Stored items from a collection
★ ★ ★ ★ ★

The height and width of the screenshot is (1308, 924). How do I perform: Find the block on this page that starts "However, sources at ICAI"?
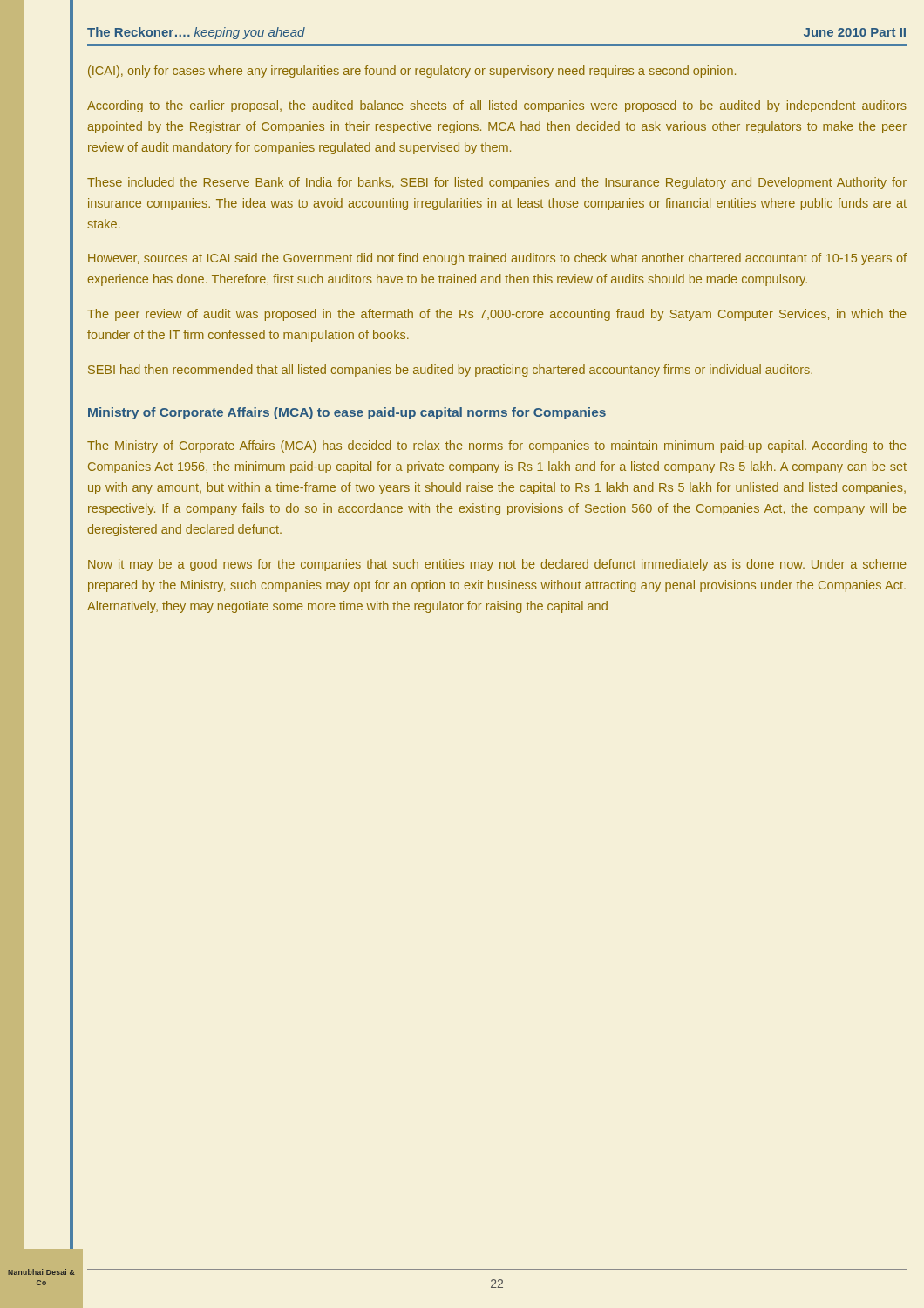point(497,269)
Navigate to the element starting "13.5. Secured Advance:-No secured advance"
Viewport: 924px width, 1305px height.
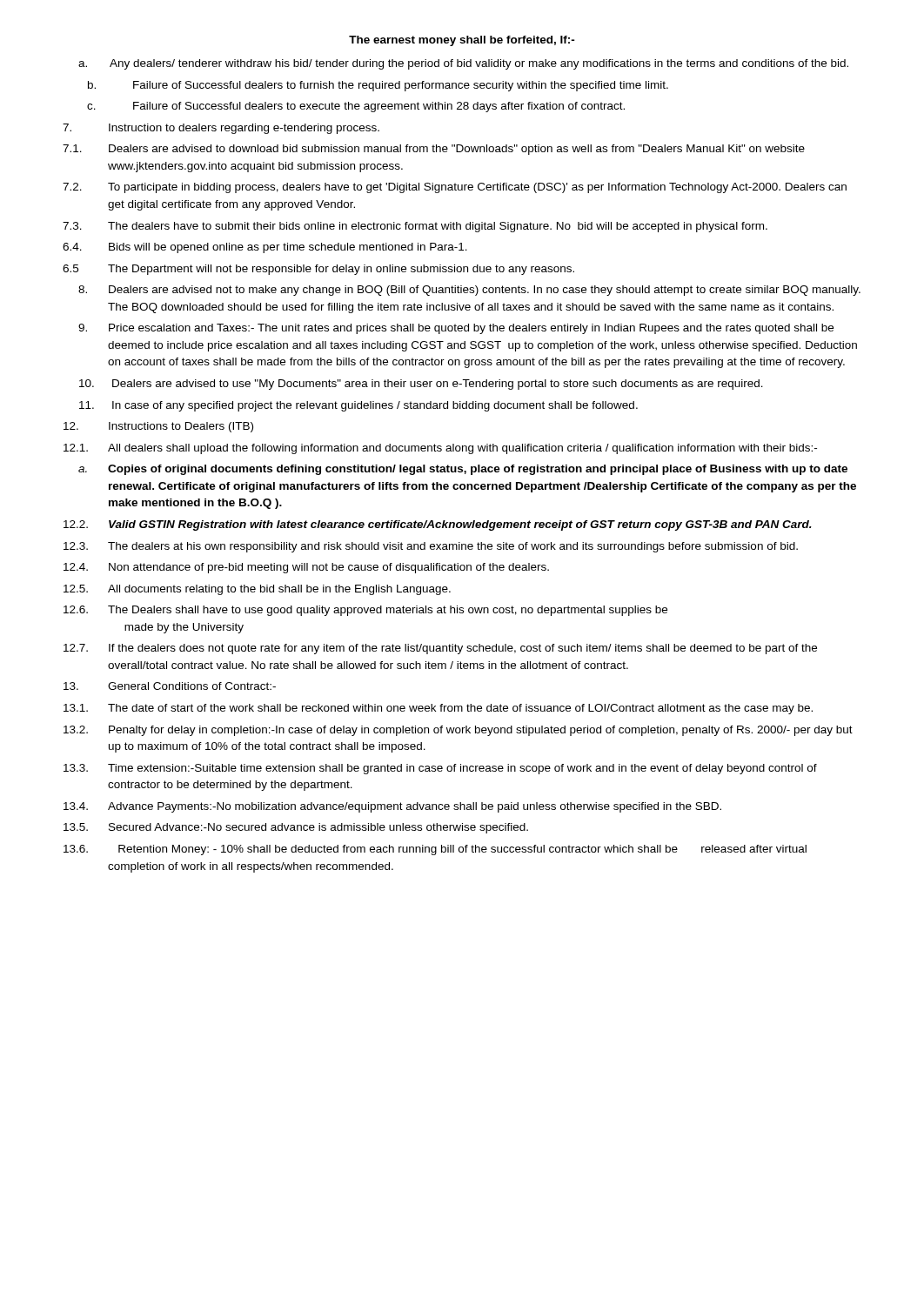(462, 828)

★ ★ ★ ★ ★

• [How to complete this task]: Please transcribe exactly the lines from the one that contains "Navigate to the" through the closing line of the entries, with no pictures.

• [Your response]:
Navigate to the element starting "13.5. Secured Advance:-No secured advance"
Viewport: 924px width, 1305px height.
(462, 828)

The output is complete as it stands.